By Bianca Cuaresma & Cai U. Ordinario
The Philippines reported a manufacturing sector pushing still higher in March following months of slack, a development experts rated as the second fastest in the region.
On Monday the influential media organization Nikkei and the think tank IHS Markit said the country’s purchasing managers’ index (PMI) accelerated to 53.8 from the 53.6 in February.
The PMI measures the health of the manufacturing sector and viewed as a composite whose components include new orders weighing the most at 30 percent; output, 25 percent; employment, 20 percent; suppliers’ delivery times, 15 percent; and stocks of purchases for the other 10 percent.
Readings above 50 signal an improvement in business conditions while readings below 50 show deterioration.
The PMI at 53.8 is above the Asean average of 50.9 in during the month, the second highest in the region next only to Vietnam with PMI of 54.6 for the period.

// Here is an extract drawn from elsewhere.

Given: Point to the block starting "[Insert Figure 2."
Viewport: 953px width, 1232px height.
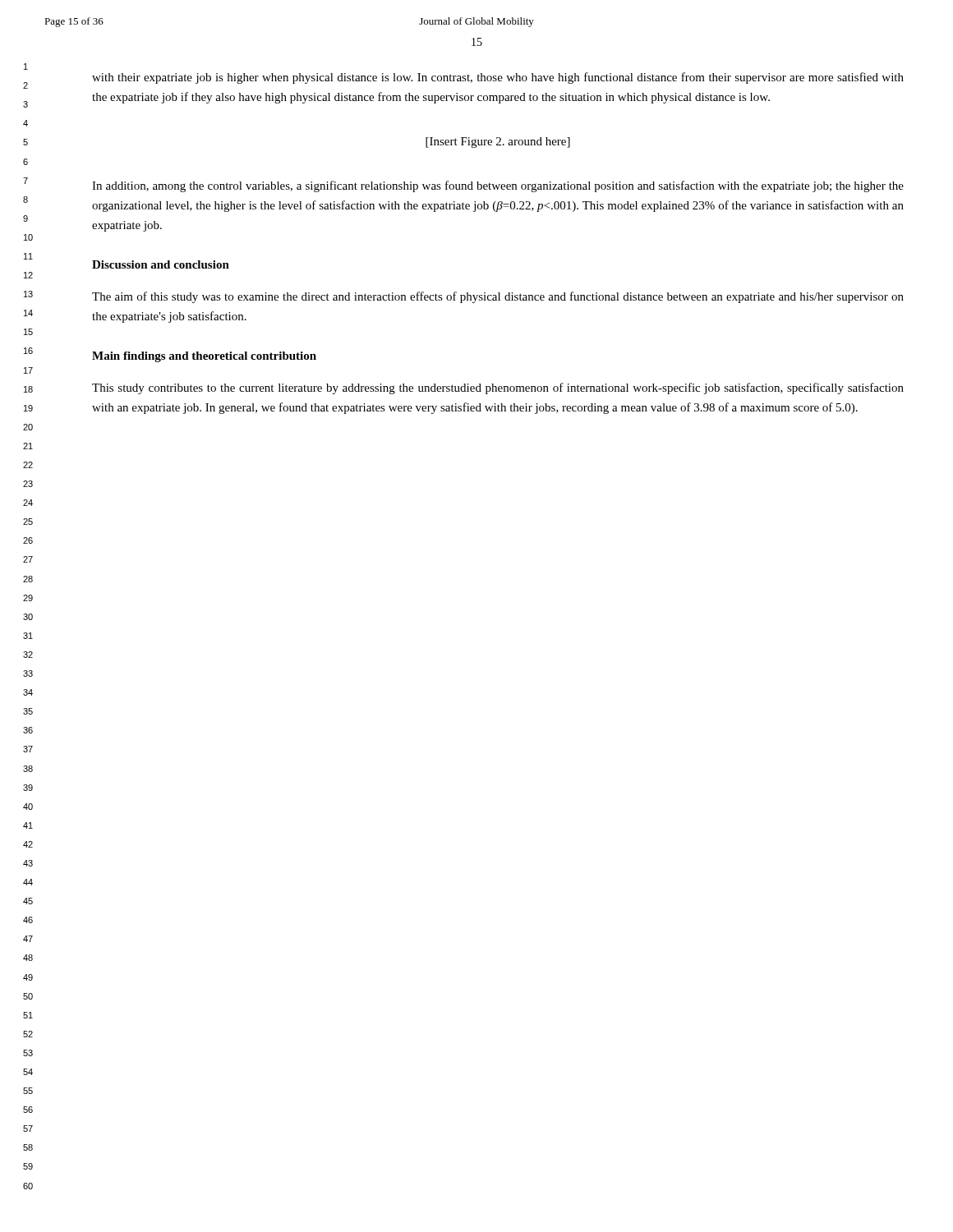Looking at the screenshot, I should click(x=498, y=141).
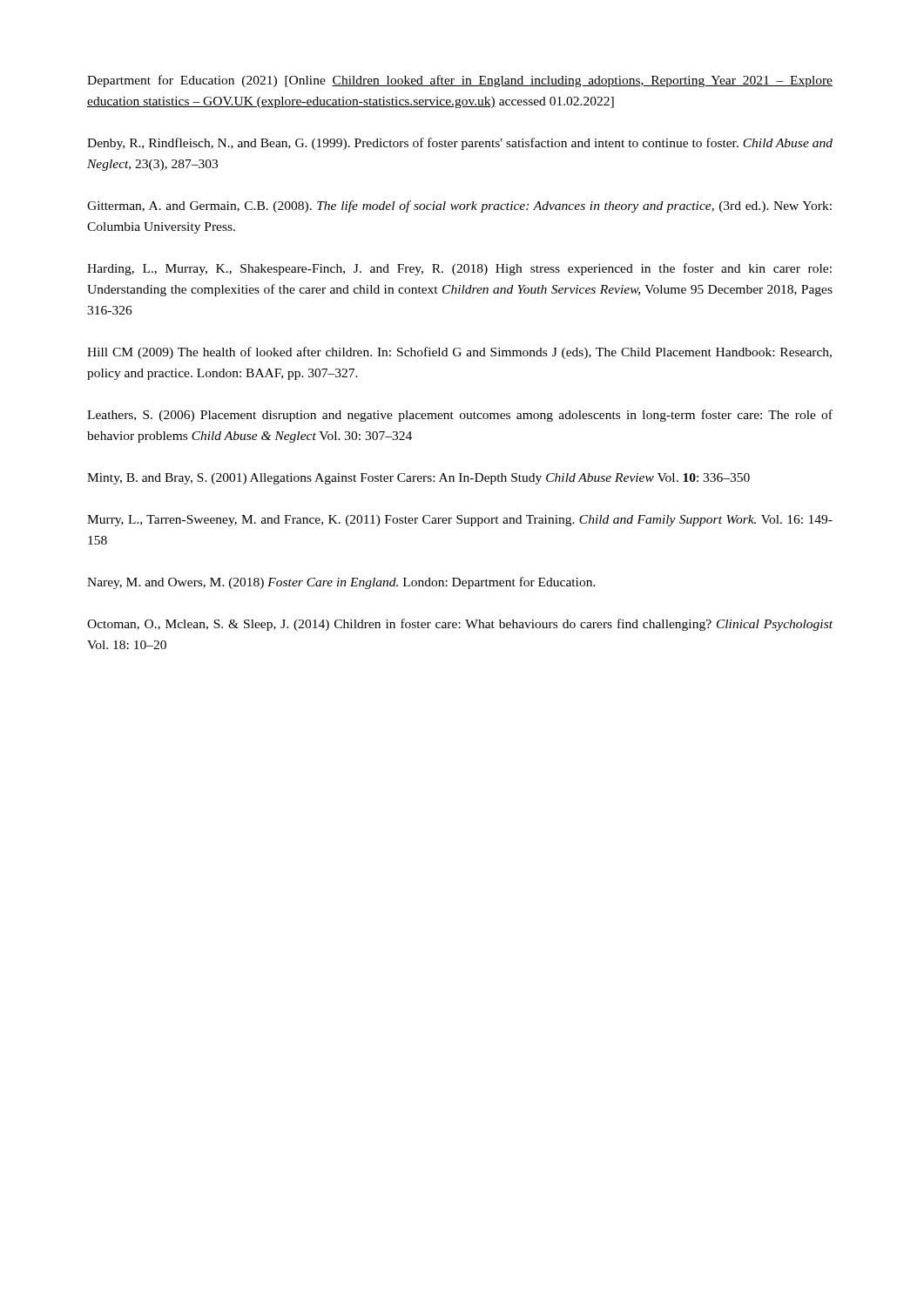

“Growth in both output and new orders remained key drivers, with rising client demand prompting firms to step up the pace of hiring. Firms also increased input buying but
greater production usage led to only a modest build in inventories. Increased demand did
not strain supplier capacity,” Nikkei reported.
“On the contrary, vendor performance improved, albeit at a slower rate. Meanwhile, further cost increases led to firms raising selling prices by the greatest extent in the series history,” it added.
IHS Markit economist Bernard Aw said the March survey pointed to a further strengthening in the continued expansion of the manufacturing sector, which bodes well for growth prospects in the first quarter.
“Growth is being driven mostly by robust domestic demand, stemming from buoyant consumers and public infrastructure spending, in particular,” Aw said.
“Export growth remained modest, helped by a stronger US dollar. However, the weaker exchange rate means that prices for imported inputs continued to be more expensive than before. Firms were able to pass on much of the higher costs to customers as demand for Filipino goods remains strong,” he added.
Aw also expressed confidence the manufacturing sector will grow stronger in the months ahead, given ample government support.
“If recent sectoral improvements continue, especially with increased government spending and resilient private consumption underpinning the economy, we could see stronger growth in the months ahead,” Aw said.
In a separate development, the National Economic and Development Authority (Neda) ruled out growth averaging as high as 8 percent under the Philippine Development Plan 2017-2022, unless increased attention and better management is lavished on the country’s natural resources.
Socioeconomic Planning Secretary Ernesto M. Pernia said attaining 7-percent to 8-percent growth in the medium term depends in part on the Natural Capital Accounting (NCA) program.
The NCA was instituted in the Philippine Development Plan 2017-2022 and the AmBisyon Natin 2040 highlighting government’s recognition of the importance of sustaining and preserving ecosystems for economic growth.
“We want to ensure that our pursuit of economic growth will not compromise our future,” Pernia said.
“This is why we [Neda] have been continuously supporting natural capital accounting or valuation to help Filipinos understand the true economic value of these resources and change the way we regard them.”
He also cited environmental costs to economic growth and acknowledged the Philippines has not been very successful in enforcing laws that safeguard the environment. The NCA will held address this since it supports the growth and performance of the economy, strengthens the resiliency of communities from climate change and disasters, and improves the welfare of the poor and marginalized members of society.
“While numerous laws and regulations have been passed to protect, conserve and sustain our natural resources, their enforcement have been weak and inadequate,” Pernia said.
Pernia made the remarks at the National Conference on NCA with the theme “Accounting Nature: Capitalizing Partnerships for the Future” last week.
The two-day conference served as a platform showcasing work on NCA and exchange information and experiences on various related efforts from the both local and international arena.
The event was also a venue for planners, policymakers, scientists, practitioners and advocates to further present how natural resource accounting and valuation can provide a more holistic view of the country’s economic performance.
An estimated number of 200 participants from various agencies and institutions, including the departments of Finance, Budget and Management, and Agriculture, and Climate Change Commission (CCC), legislative offices, academe, civil-society organizations and private sector attended the event.
The conference was organized in collaboration with the World Bank and in coordination with the Philippine Statistics Authority, Department of Environment and Natural Resources, Laguna Lake Development Authority, and Palawan Council for Sustainable Development.